Polymorphisms affecting insulin-like growth factors (IGF), their binding proteins (IGFBP), insulin receptor substrates (IRS), and other IGF regulatory molecules may affect growth, obesity, and obesity-related diseases, including cancer. The objective of this study was to better describe the associations between several IGF pathway variants and body size. Hispanic (n = 462) and non-Hispanic White (n = 1,702) women were recruited as controls in collaborative population-based case-control studies in Arizona, New Mexico, Colorado, Utah, and California. Body size measurements were taken by trained interviewers; genotypes were determined for the IGF1 CA repeat, the IGFBP3 -202 C > A substitution, the IRS1 G972R and IRS2 G1057D substitutions, and the vitamin D receptor (VDR) BsmI and FokI polymorphisms. Two associations were observed that were consistent in both Hispanics and non-Hispanic Whites: IGF1 CA repeat alleles of length other than 19 were associated with higher mean waist-to-hip ratios (WHR), P = 0.01, and women who carried an IGFBP3 A allele, compared with women with the CC genotype, more often reported high birthweight (odds ratio, 1.9; 95% confidence interval, 1.1-3.2).

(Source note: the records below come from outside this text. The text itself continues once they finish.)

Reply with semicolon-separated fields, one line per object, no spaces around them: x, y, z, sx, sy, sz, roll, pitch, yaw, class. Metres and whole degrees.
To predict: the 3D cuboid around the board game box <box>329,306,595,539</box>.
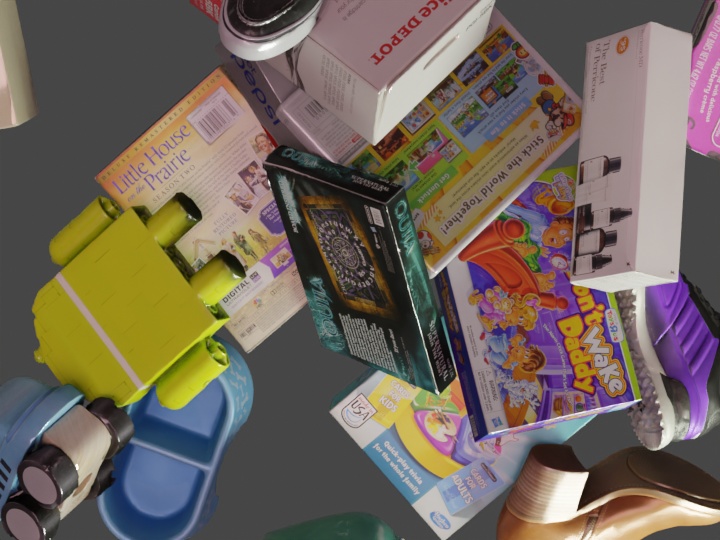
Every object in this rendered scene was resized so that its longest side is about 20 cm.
0.097;0.107;1.678;0.200;0.047;0.151;-41;96;11;board game box

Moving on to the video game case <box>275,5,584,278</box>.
0.063;-0.124;1.588;0.200;0.023;0.182;-43;88;-19;video game case

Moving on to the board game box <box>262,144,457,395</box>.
0.000;0.000;1.584;0.135;0.028;0.201;22;141;38;board game box

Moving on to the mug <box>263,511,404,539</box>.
-0.003;0.297;1.673;0.114;0.152;0.186;-16;101;5;mug

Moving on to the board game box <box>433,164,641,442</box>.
0.135;0.025;1.603;0.133;0.045;0.201;-11;79;-14;board game box

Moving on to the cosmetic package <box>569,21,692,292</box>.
0.214;-0.089;1.568;0.050;0.082;0.202;13;76;-33;cosmetic package

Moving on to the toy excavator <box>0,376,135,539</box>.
-0.310;0.141;1.663;0.200;0.100;0.195;39;135;10;toy excavator

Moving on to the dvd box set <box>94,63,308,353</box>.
-0.106;-0.051;1.669;0.146;0.029;0.200;-41;97;11;dvd box set

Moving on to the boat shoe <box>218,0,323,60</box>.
-0.038;-0.242;1.466;0.073;0.068;0.200;35;65;14;boat shoe

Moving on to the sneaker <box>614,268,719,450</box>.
0.263;0.042;1.646;0.099;0.070;0.202;-9;89;-18;sneaker

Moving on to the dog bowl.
-0.165;0.151;1.708;0.111;0.050;0.201;20;103;0;dog bowl

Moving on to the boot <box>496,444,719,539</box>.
0.208;0.230;1.689;0.198;0.074;0.156;10;116;-11;boot

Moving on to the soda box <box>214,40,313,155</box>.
-0.036;-0.119;1.615;0.063;0.068;0.201;-33;95;-21;soda box

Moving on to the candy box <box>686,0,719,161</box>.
0.353;-0.136;1.599;0.199;0.061;0.137;23;102;-1;candy box

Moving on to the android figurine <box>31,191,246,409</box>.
-0.191;0.032;1.646;0.200;0.041;0.182;-43;81;18;android figurine

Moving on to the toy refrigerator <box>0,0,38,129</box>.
-0.327;-0.217;1.631;0.069;0.076;0.202;-10;101;7;toy refrigerator

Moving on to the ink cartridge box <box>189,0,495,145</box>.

We observed trends for associations between IGFBP3 A allele and taller height, IRS1R allele, and smaller WHR, and VDR FokI ff genotype and larger WHR; each of these trends was present in only one ethnic group, and heterogeneity of effect by ethnicity was detected. These results provide evidence that IGF pathway polymorphisms have functional effects on growth and central obesity and indicate that genotype-phenotype relationships are ethnic specific.

Authors: Sweeney C; Murtaugh MA; Baumgartner KB; Byers T; Giuliano AR; Herrick JS; Wolff R; Caan BJ; Slattery ML

Cancer Epidemiol Biomarkers Prev. 2005 Jul;14(7):1802-9.